The variable "data" contains:

{
    fruits: [
        'Apple',
        'Orange',
        'Pear'
    ],
    meats: [
        'Pork meat',
        'Beef',
        'Chicken'
    ]
}

How can i create my own EasyScrape Middleware?

Its very easy create your own implementation, you can follow the next steps to do it.

Step 0: Preparations

  • THE DOCUMENTATION IS UNDER DEVELOPMENT RIGTH NOW!

  • You remember the Documentation Web Site (coming soon) its your friend! If you don't know what is the use for some method or you need an example, there is the technical documentation. This is a Quickstart guide.
  • If you use Visual Studio Code you can watch all technical documentation for each method only making mouseover the method name.
  • You can read the JSDoc comments each methods or classes.
  • Other form of help your self its reading the Cheerio Implementation.
  • Let's start!

Step 1: Installation

Install EasyScrapeCore in your Project.

Step 2: Main File

You Make a main file for your implementation, using the next structure.

// File: ./MyFirstMiddlewareEasyScrape.ts
import MyMiddlewareESQueriesManager from './MyMiddlewareESQueriesManager';
import {AbstractEasyScrapeMiddleware, IESObject, IESQuery} from '@easyscrape/core';

class MyFirstMiddlewareEasyScrape extends AbstractEasyScrapeMiddleware{
    /**
     * Middleware Information
     */
    SupportFor = {
        LibraryName: 'Cheerio', // Library name that your middleware use
        PackageName: 'cheerio' // NPM Package name
    }; 

    /** 
     * Your Middleware Queries Manager
     */
    protected QueriesManager: MyMiddlewareESQueriesManager = new MyMiddlewareESQueriesManager(this);

    /** 
     * This method says to EasyScrape when it can manage the data 
     */
    canICollect($: any): boolean {
        // Write here one code that return true or false if it can scrape over current node
    }

    /** 
     * Make your Middleware Load method
     * This method its expected that return an function whit one parameter with the types accepted 
     */
    load($: any){
        return (query: IESObject|IESQuery|string) => this.collect($, query);
    }
}
// The next line is very important, because it solve the unnecessary creations of the same middleware and export the module.
export default new MyMiddlewareEasyScrape;

Step 3: Middleware's Queries Manager

The queries manager its an class that contains all instructions to manage all queries that the user can use, the interface "IESQueriesManager" give you the basis queries and its information, but you can create all you need follow the following requirements:

  • All query names must use the prefix "_" at the beginning.
  • Use "$" like a wildcard in the query name to allow that the user customize the query.
  • You can use as many wildcards as you need.

For example: "_select$" handles statements such as "_selectFood", "_selectAllListsElements" or "_select".

// File: ./MyMiddlewareESQueriesManager.ts
import import {
    AbstractESQueriesManager, 
    ESQueriesManagerUtils,
    IESQueriesManager, 
    ESFilterHandle
} from '@easyscrape/core';

class MyMiddlewareESQueriesManager 
extends AbstractESQueriesManager // define the default EasyScrape methods, you can override if you need.
implements IESQueriesManager // says you what method do you need to create
{
    // Your methods here
}
export default MiddlewareESQueriesManager;

Step 4: Build and Share your Middleware

Export your package.
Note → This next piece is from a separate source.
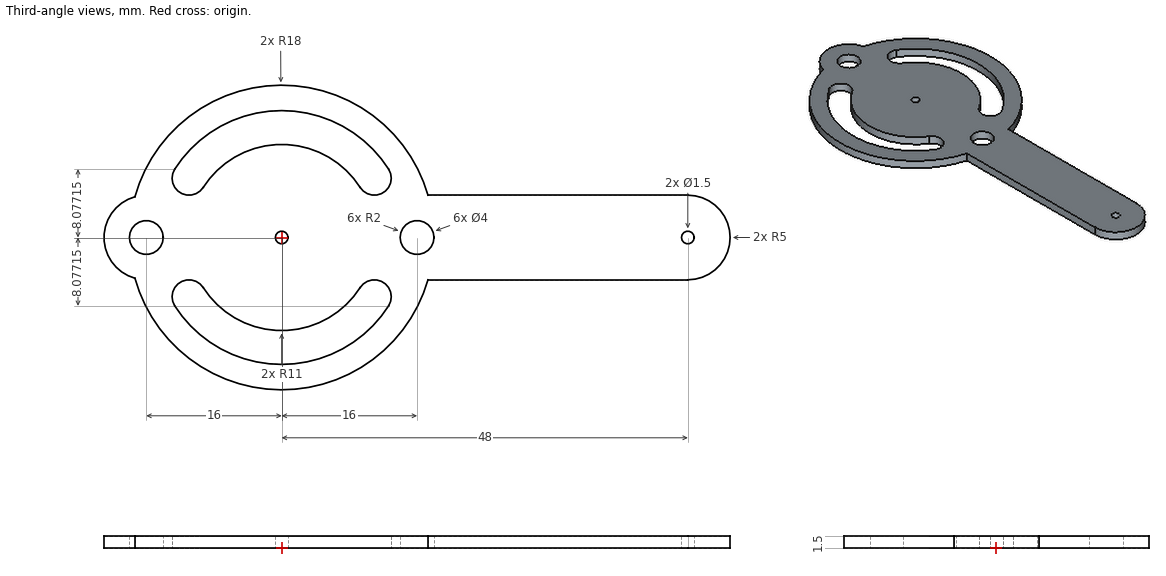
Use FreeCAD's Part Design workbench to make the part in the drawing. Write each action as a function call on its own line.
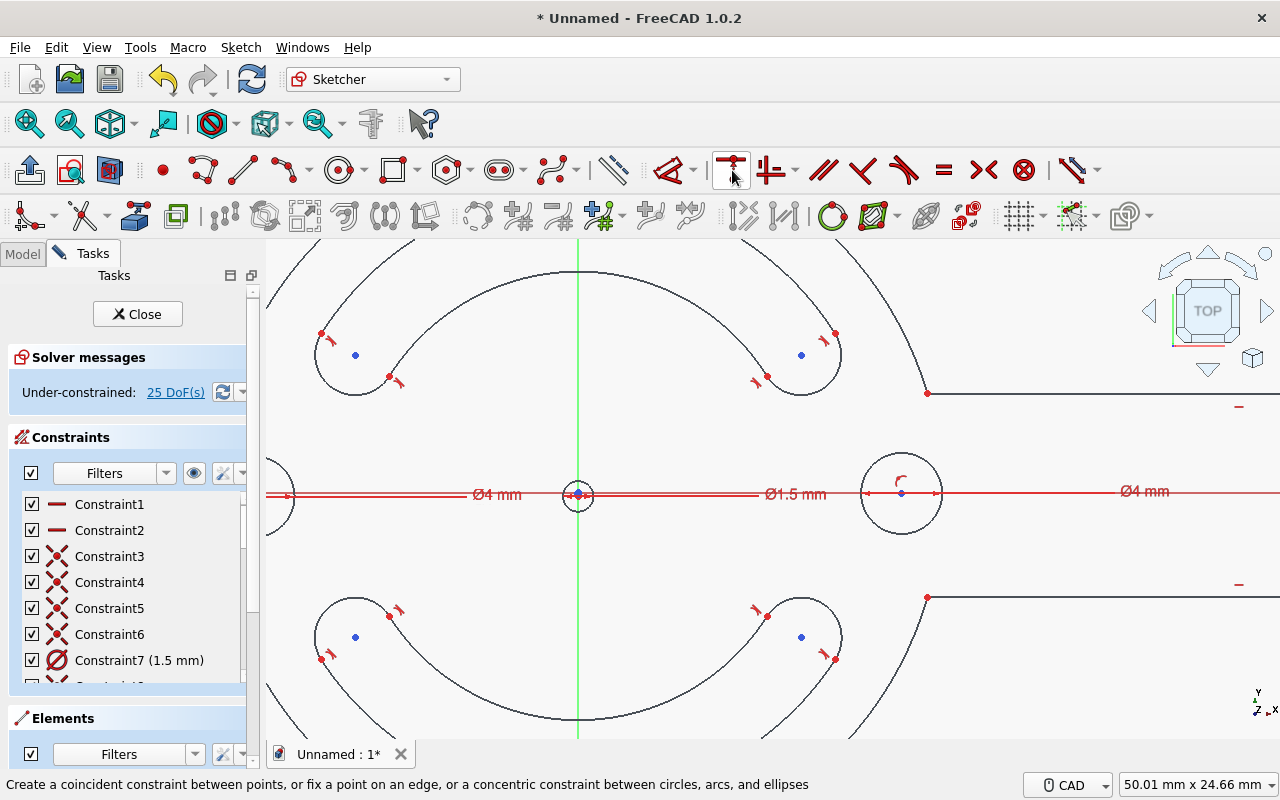
scroll(567, 507, up, 2)

Write this in the package.json. Please, name your package using @easyscrape/ followed of your middleware name, like this:

{
    "name": "@easyscrape/mymiddleware",
    "version": "1.0.0",
    "main": "./MyMiddlewareESQueriesManager.js",
    // ...
}

You remember add your Middleware name on the list of this repository so that everyone can use it and know it.